From a specification point of view, the fact that extending writes can fall back to buffered I/O should be documented, and that any file system control data associated with the block I/O will not be synchronously committed unless the application explicitly requests this via fsync(2) or O_SYNC. If there is agreement that based on this, the kernel should be allowed to return once the data buffer passed to write(2) can be reused the application, this should be explicitly documented in the open(2) man page as well.
Writes into preallocated space
In recent Linux kernels, it is possible to request that the file system allocate blocks with out initializing the blocks first. Since those blocks contain previously unused data blocks, those blocks or extents must be marked as uninitialized, so that reads of these uninitialized blocks will return a zero block instead of the previous contents of those blocks (which might cause a security exposure). The first time an application writes into preallocated block, the file system must clear the uninitialized bit, so that a subsequent read of that data block will return the written data, instead of a zero block.

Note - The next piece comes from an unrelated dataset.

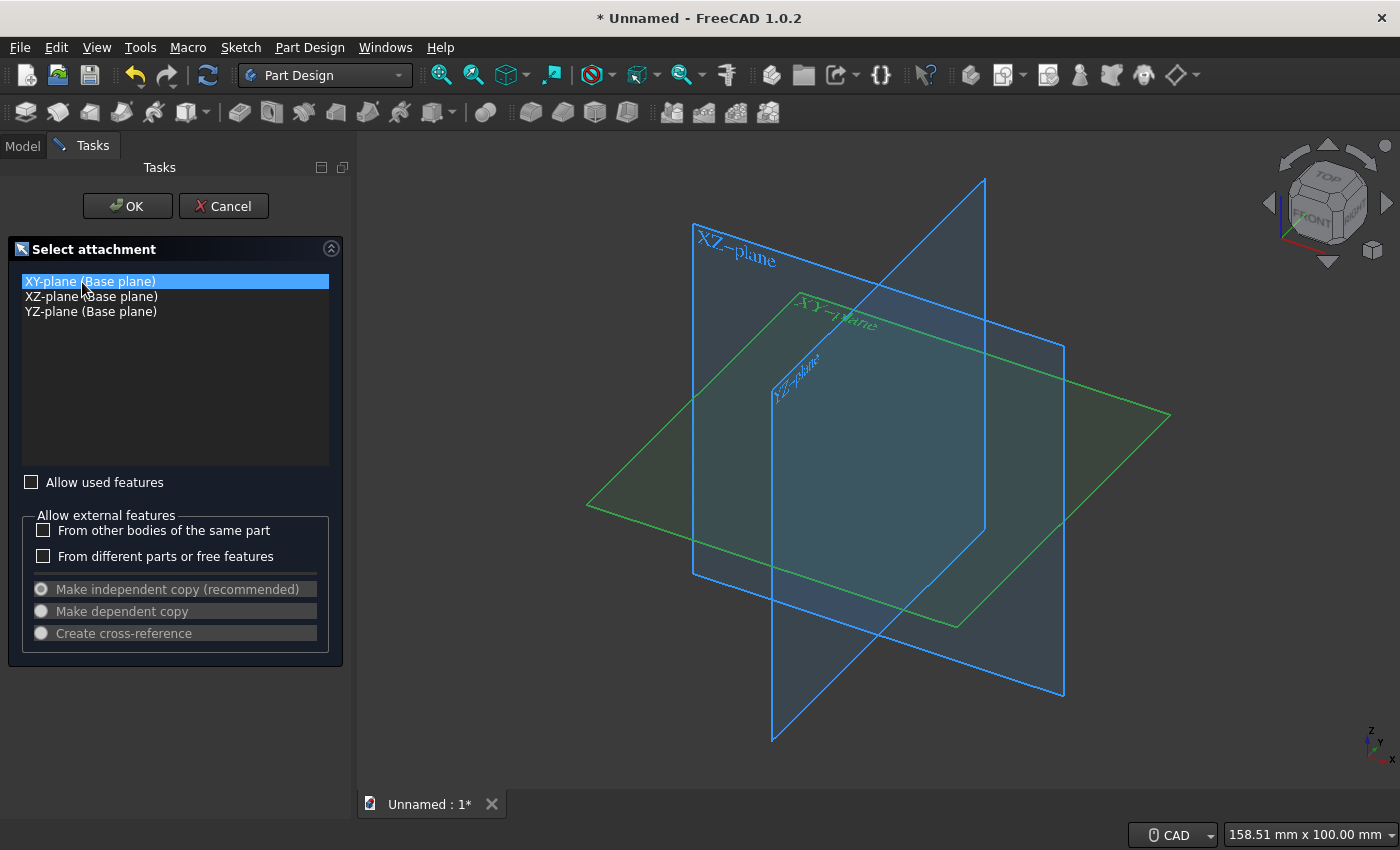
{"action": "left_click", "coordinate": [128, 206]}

This requirement, when applied to a direct I/O write, has similar implications to the extending write case, described above. Although the space for the direct I/O has already been reserved, a change to the file system metadata is required to mark the just-written data block or extent as being initialized. For file systems that use a journal to assure that the file system metadata is consistent, requiring direct I/O write to block until a file system commit is completed would be an unacceptable performance impact. On the other hand, if the data is not guaranteed to be present after a system crash unless the application uses an explicit fsync(2) call, this could take some application programmers by surprise --- especially since testing that the application data can be recovered after crashes that take place immediately after an extending write or a write into a preallocated block are cases that might not be well tested by all open source database.

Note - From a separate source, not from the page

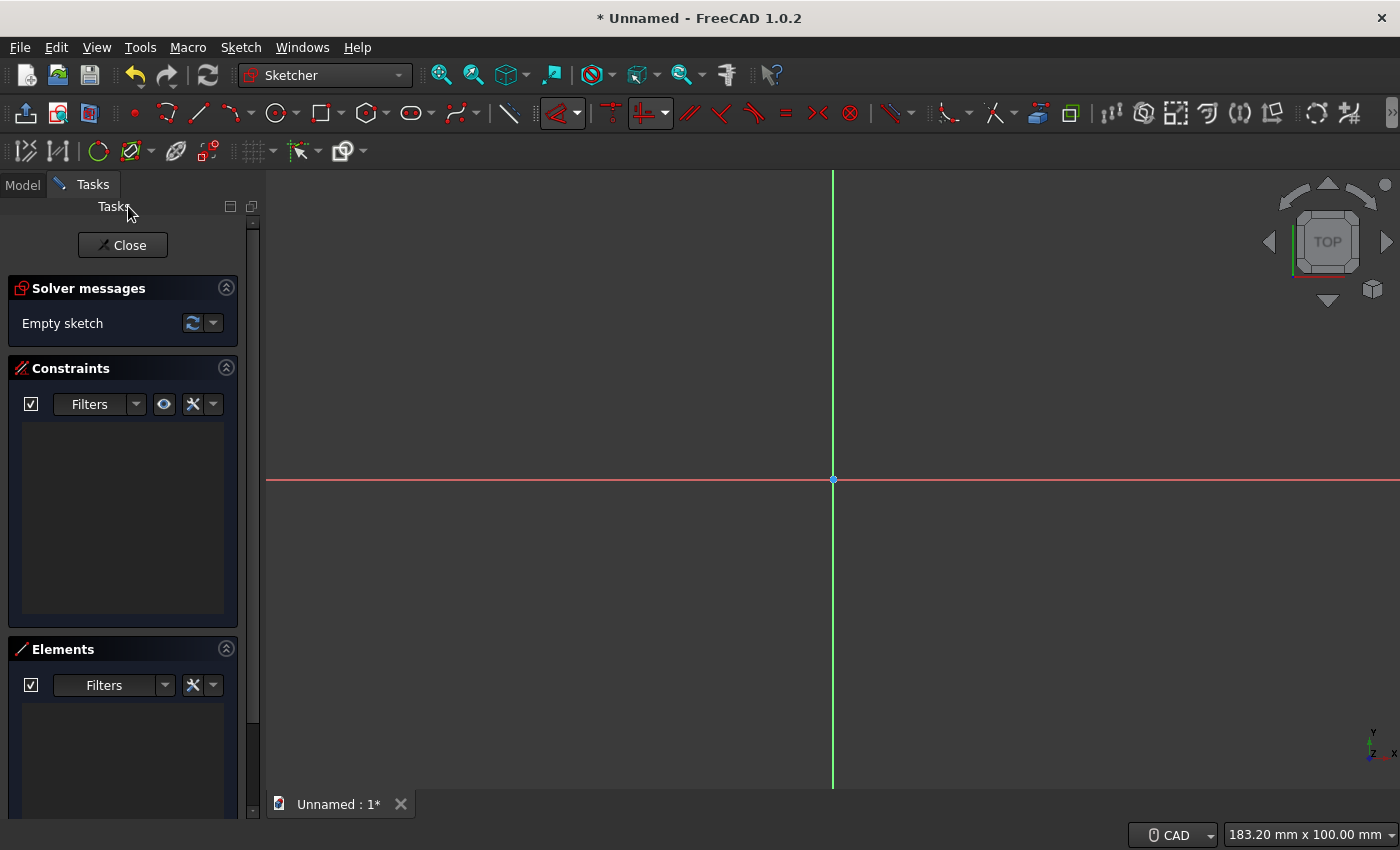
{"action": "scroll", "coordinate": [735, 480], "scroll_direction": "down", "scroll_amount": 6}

The proposed solution is the same for the extending writes; that we document that O_DIRECT does not imply synchronous I/O of any file control data, and that it is unspecified whether data written into newly allocated blocks, or uninitialized regions of the file will survive a system crash until the data is explicitly flushed to disk via a system facility such as fsync(2). For that reason, the only thing which the application can infer in the case of writes to preallocated (uninitialized) file regions or file regions which require block allocation is that when the write(2) system call, the data buffer passed to write(2) may be reused for other purposes.
Most users of direct I/O will hopefully not be affected by the clarifications in this document. These users tend to not to use extending writes with Direct I/O, or are already using an explicit fsync(2) after such extending writes. However, if there are applications that have been making assumptions about direct I/O implying O_SYNC semantics to meet (for example) database ACID requirements, changing their application to meet the semantics documented herein (which after all, is all applications have been getting anyway) should not be difficult.